# Activity
Copy out, from the data, each line containing the string "Active".

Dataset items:
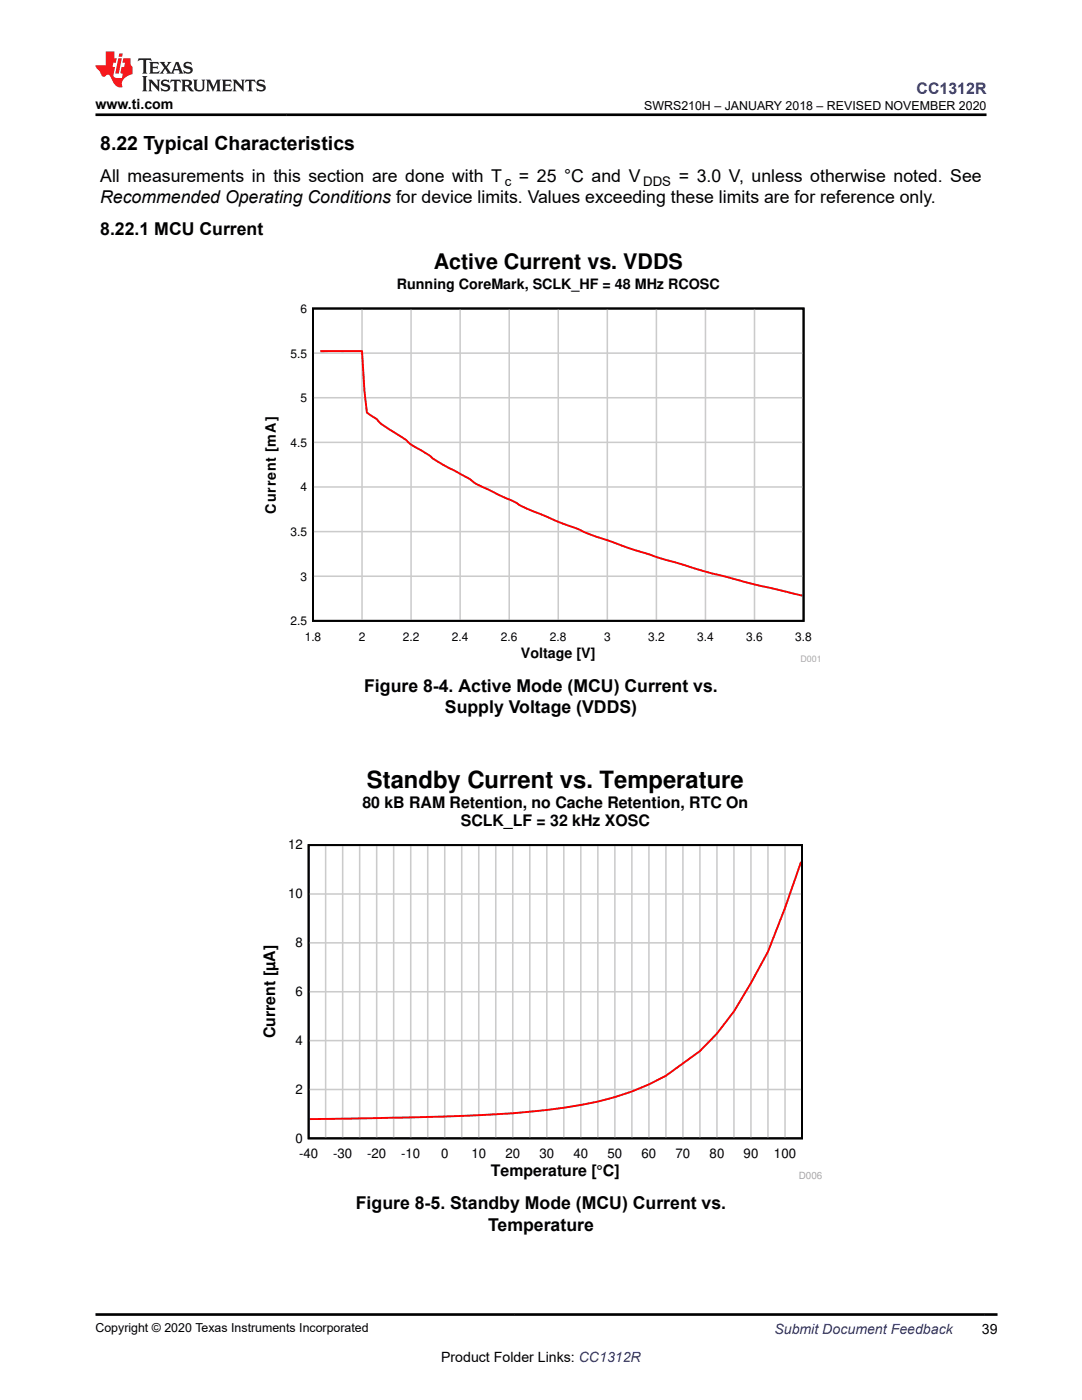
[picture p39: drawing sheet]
<svg xmlns="http://www.w3.org/2000/svg" width="216mm" height="279mm" viewBox="0 0 216 279" stroke-linecap="round" stroke-linejoin="round" font-family="sans-serif">
<defs><g id="words">
<text font-size="4.7" x="73.2" y="157.2">Standby Current vs. Temperature</text>
<text font-size="4.3" x="86.5" y="53.7">Active Current vs. VDDS</text>
<text font-size="3.9" x="20" y="29.9">8.22 Typical Characteristics</text>
<g font-size="3.5">
<text x="20" y="36.4">All measurements in this section are done with T</text>
<text x="20" y="40.6">Recommended Operating Conditions for device limits. Values exceeding these limits are for reference only.</text>
<text x="103.6" y="36.4">= 25 °C and V</text>
<text x="135.4" y="36.4">= 3.0 V, unless otherwise noted. See</text>
<text x="20" y="46.9">8.22.1 MCU Current</text>
<text x="72.7" y="138.1">Figure 8-4. Active Mode (MCU) Current vs.</text>
<text x="88.8" y="142.3">Supply Voltage (VDDS)</text>
<text x="71" y="241.4">Figure 8-5. Standby Mode (MCU) Current vs.</text>
<text x="97.4" y="245.6">Temperature</text>
</g>
<text font-size="3.2" fill="#00f" x="182.9" y="18.7">CC1312R</text>
<g font-size="3.2">
<text x="72.3" y="161.2">80 kB RAM Retention, no Cache Retention, RTC On</text>
<text x="91.9" y="164.8">SCLK_LF = 32 kHz XOSC</text>
<text x="54.9" y="207.2" transform="rotate(-90 54.9 207.2)">Current [µA]</text>
<text x="98" y="234.6">Temperature [°C]</text>
</g>
<g font-size="2.9">
<text x="79.2" y="57.7">Running CoreMark, SCLK_HF = 48 MHz RCOSC</text>
<text x="55" y="102.5" transform="rotate(-90 55 102.5)">Current [mA]</text>
<text x="103.9" y="131.4">Voltage [V]</text>
</g>
<g font-size="2.8">
<text x="19" y="21.8">www.ti.com</text>
<text x="195.9" y="266.1">39</text>
<text x="88" y="271.7">Product Folder Links: CC1312R</text>
</g>
<text font-size="2.8" fill="#00f" x="154.5" y="266.2">Submit Document Feedback</text>
<g font-size="2.6">
<text x="100.7" y="37.1">c</text>
<text x="128.3" y="37.1">DDS</text>
<text x="57.5" y="169.5">12</text>
<text x="57.5" y="179.3">10</text>
<text x="58.9" y="189">8</text>
<text x="58.9" y="198.8">6</text>
<text x="58.9" y="208.6">4</text>
<text x="58.9" y="218.3">2</text>
<text x="58.9" y="228.1">0</text>
<text x="59.7" y="231.1">-40</text>
<text x="66.5" y="231.1">-30</text>
<text x="73.3" y="231.1">-20</text>
<text x="80" y="231.1">-10</text>
<text x="88" y="231.1">0</text>
<text x="94.1" y="231.1">10</text>
<text x="100.9" y="231.1">20</text>
<text x="107.6" y="231.1">30</text>
<text x="114.4" y="231.1">40</text>
<text x="121.2" y="231.1">50</text>
<text x="128" y="231.1">60</text>
<text x="134.8" y="231.1">70</text>
<text x="141.6" y="231.1">80</text>
<text x="148.4" y="231.1">90</text>
<text x="154.4" y="231.1">100</text>
</g>
<g font-size="2.5">
<text x="128.5" y="21.9">SWRS210H – JANUARY 2018 – REVISED NOVEMBER 2020</text>
<text x="19" y="265.9">Copyright © 2020 Texas Instruments Incorporated</text>
</g>
<g font-size="2.4">
<text x="60" y="62.4">6</text>
<text x="58" y="71.3">5.5</text>
<text x="60" y="80.3">5</text>
<text x="58" y="89.2">4.5</text>
<text x="60" y="98.1">4</text>
<text x="58" y="107">3.5</text>
<text x="60" y="115.9">3</text>
<text x="58" y="124.8">2.5</text>
<text x="60.8" y="127.8">1.8</text>
<text x="71.6" y="127.8">2</text>
<text x="80.4" y="127.8">2.2</text>
<text x="90.2" y="127.8">2.4</text>
<text x="100" y="127.8">2.6</text>
<text x="109.7" y="127.8">2.8</text>
<text x="120.5" y="127.8">3</text>
<text x="129.3" y="127.8">3.2</text>
<text x="139.1" y="127.8">3.4</text>
<text x="148.9" y="127.8">3.6</text>
<text x="158.7" y="127.8">3.8</text>
</g>
<text font-size="2" fill="#a8a8a8" x="159.4" y="235.3">D006</text>
<text font-size="1.8" fill="#a8a8a8" x="159.7" y="132">D001</text>
</g></defs>
<path d="M62.4 61.6h97.9v62.3h-97.9zM61.6 168.7h98.4v58.5h-98.4z" fill="none" stroke="#000" stroke-width=".38"/>
<g fill="none" stroke="#cbcbcb" stroke-width=".31">
<path d="M62.4 79.4h98M62.4 70.5h98M72.2 61.6v62.3M82 61.6v62.3M91.8 61.6v62.3M101.6 61.6v62.3M111.4 61.6v62.3M121.2 61.6v62.3M131 61.6v62.3M140.8 61.6v62.3M150.6 61.6v62.3M62.4 97.2h98"/>
<path d="M62.4 88.3h98M62.4 115h98M62.4 106.1h98M61.6 178.4h98.4M65 168.7v58.5M68.4 168.7v58.5M71.8 168.7v58.5M75.2 168.7v58.5M78.6 168.7v58.5M82 168.7v58.5M85.3 168.7v58.5M88.7 168.7v58.5"/>
<path d="M92.1 168.7v58.5M95.5 168.7v58.5M98.9 168.7v58.5M102.3 168.7v58.5M105.7 168.7v58.5M109.1 168.7v58.5M112.5 168.7v58.5M115.9 168.7v58.5M119.3 168.7v58.5M122.7 168.7v58.5M126.1 168.7v58.5M129.5 168.7v58.5"/>
<path d="M132.9 168.7v58.5M136.3 168.7v58.5M139.7 168.7v58.5M143.1 168.7v58.5M146.5 168.7v58.5M149.8 168.7v58.5M153.2 168.7v58.5M156.6 168.7v58.5M61.6 197.9h98.4M61.6 188.2h98.4M61.6 217.4h98.4M61.6 207.7h98.4"/>
</g>
<path d="M63.9 70.1h8.3l.5 8 .5 4.3 2 1.2a7.2 7.2 0 0 0 2.4 2.1l3 1.8a32.7 32.7 0 0 0 5.3 3.6l.5 .5 2 1.1 4.9 2.6a31 31 0 0 0 5.9 3.3l2.4 1.1a110.1 110.1 0 0 0 11.3 5l1.4 .5a64.6 64.6 0 0 0 8.4 3.1l2.9 1.1 5.9 1.9 8.8 2.6 10.3 2.7 9.6 2.3M159.8 172l-3.2 9.2-3.4 8.7-3.4 6.3-3.3 5.6-3.4 4.5-3.4 3.5-6.8 4.9a56.2 56.2 0 0 1-20.4 6.4 291.2 291.2 0 0 1-33.9 2l-16.8 .2" fill="none" stroke="#f00" stroke-width=".38"/>
<path d="M27.7 11.6l-.2 .6 .5-.2h.6v.1v2.2l-.2 .4h1l-.2-.4v-2.2v-.1h.5l.5 .2-.1-.6zM29.8 12.4l.2 .3v1.6l-.2 .4h1.9l.1-.6a1.08 1.08 0 0 1-1.3 .2v-.7h.6l.4 .2v-.7l-.4 .2h-.6v-.5l.2-.2a1 1 0 0 1 1 .3l-.1-.5zM31.8 12.4l1 1.1-1 1.2h.9l-.2-.2 .4-.8 .5 .8-.2 .2h1.6l-.2-.2 .1-.5h1l.1 .5-.1 .2h.9l-.2-.4-.8-1.9h-.5l-1 2.1-.8-1.1 .9-1h-.8l.2 .2-.5 .6-.3-.6 .1-.2zM35.2 12.8l.4 1h-.8zM36.8 12.5a.65 .65 0 0 0-.2 .7 .65 .65 0 0 0 .6 .5l.7 .1 .1 .3a.79 .79 0 0 1-.7 .4 .79 .79 0 0 1-.7-.5l.1 .7 .2-.1a.93 .93 0 0 0 1.1 0 .93 .93 0 0 0 .4-.9 1.46 1.46 0 0 0-1.2-.6l-.1-.3a1.09 1.09 0 0 1 1.2 .2l-.2-.6-.1 .1-.6-.2zM28.4 15.2l.2 .4v2.2l-.2 .4h1l-.2-.4v-2.2l.2-.4zM29.6 15.9l.2 .4v1.5l-.2 .4h.8l-.3-.4v-1.3l1.7 1.8v-2l.2-.4h-.8l.2 .2 .1 1.1-1.2-1.3zM32.3 16a.65 .65 0 0 0-.2 .8 .65 .65 0 0 0 .7 .4l.6 .2 .1 .2a.79 .79 0 0 1-.7 .4 .79 .79 0 0 1-.7-.5l.1 .7 .2-.1a.93 .93 0 0 0 1.1 .1 .93 .93 0 0 0 .4-1 1.46 1.46 0 0 0-1.2-.5l-.1-.4a1.09 1.09 0 0 1 1.2 .2l-.2-.6-.1 .1-.6-.1zM34.1 15.9l-.1 .6a.63 .63 0 0 1 .7-.3l.1 1.6-.3 .4h1l-.2-.4v-1.6a.66 .66 0 0 1 .8 .3l-.1-.6zM36.2 15.9l.2 .4v1.5l-.2 .4h.9l-.2-.2v-.7h.5l.1 .2a.79 .79 0 0 0 1.2 .6l-1-.9a.61 .61 0 0 0 .6-.6 .61 .61 0 0 0-.5-.7zM36.9 16.2h.2a.47 .47 0 0 1 .5 .1 .47 .47 0 0 1 .1 .5l-.2 .1-.6 .1zM38.5 15.9l.2 .2a2.27 2.27 0 0 0 .4 2 1.04 1.04 0 0 0 1.7-.7v-1.3l.2-.2h-.8l.2 .4v1.1a.6 .6 0 0 1-.6 .6 .6 .6 0 0 1-.6-.6v-1.1l.3-.4zM41.1 15.9l.2 .4v1.5l-.2 .4h.7l-.2-.4v-1.4l.9 1.9 .8-1.9v1.4l-.2 .4h1l-.3-.4v-1.5l.3-.4h-.8l-.7 1.5-.7-1.5zM44.3 15.9l.2 .4v1.5l-.2 .4h1.9l.1-.6a1.09 1.09 0 0 1-1.3 .2v-.7h.6l.4 .2v-.6l-.4 .2h-.6v-.6l.2-.1a1.01 1.01 0 0 1 1 .3l-.1-.6zM46.4 15.9l.3 .4v1.5l-.3 .4h.8l-.2-.4v-1.3l1.6 1.8v-2l.2-.4h-.7l.2 .2v1.1l-1.2-1.3zM49 15.9l-.1 .6a.63 .63 0 0 1 .8-.3v1.6l-.3 .4h1l-.2-.4v-1.6a.66 .66 0 0 1 .8 .3l-.1-.6zM51.4 16a.65 .65 0 0 0-.2 .8 .65 .65 0 0 0 .6 .4l.6 .2 .2 .2a.79 .79 0 0 1-.8 .4 .79 .79 0 0 1-.6-.5l.1 .7 .2-.1a.93 .93 0 0 0 1 .1 .93 .93 0 0 0 .5-1 1.46 1.46 0 0 0-1.3-.5l-.1-.4a1.09 1.09 0 0 1 1.3 .2l-.2-.6-.2 .1-.5-.1z" fill="#231f20"/>
<path d="M21.1 10.3v2.7h-2v.4l.9 1a.95 .95 0 0 0 .9 .9 .59 .59 0 0 1 .6-.4 .59 .59 0 0 1 .5 .3l.4 .8a1.59 1.59 0 0 0 2.1 1.4 1.61 1.61 0 0 1 1-2.3l1-.3-.1-1.5a1.59 1.59 0 0 1-.4-1.7h-1.4l-.2 .9h.5l-.1 .9h-.5l-.2 .9v.3l.4 .1-.2 .9h-.6a.73 .73 0 0 1-1.1-.7l.3-1.5h-.5l.2-.9h.5l.2-.9h-.5v-1.3zM23.6 11.6l-.6 3.1h.7l.6-3.1zM23.8 10.7l-.1 .6h.7l.1-.6z" fill="#ed1c24"/>
<path d="M19 22.9h177.8M19 262.3h180" fill="none" stroke="#000" stroke-width=".53"/>
<use href="#words"/>
</svg>

# Exercise result
<text font-size="4.3" x="86.5" y="53.7">Active Current vs. VDDS</text>
<text x="72.7" y="138.1">Figure 8-4. Active Mode (MCU) Current vs.</text>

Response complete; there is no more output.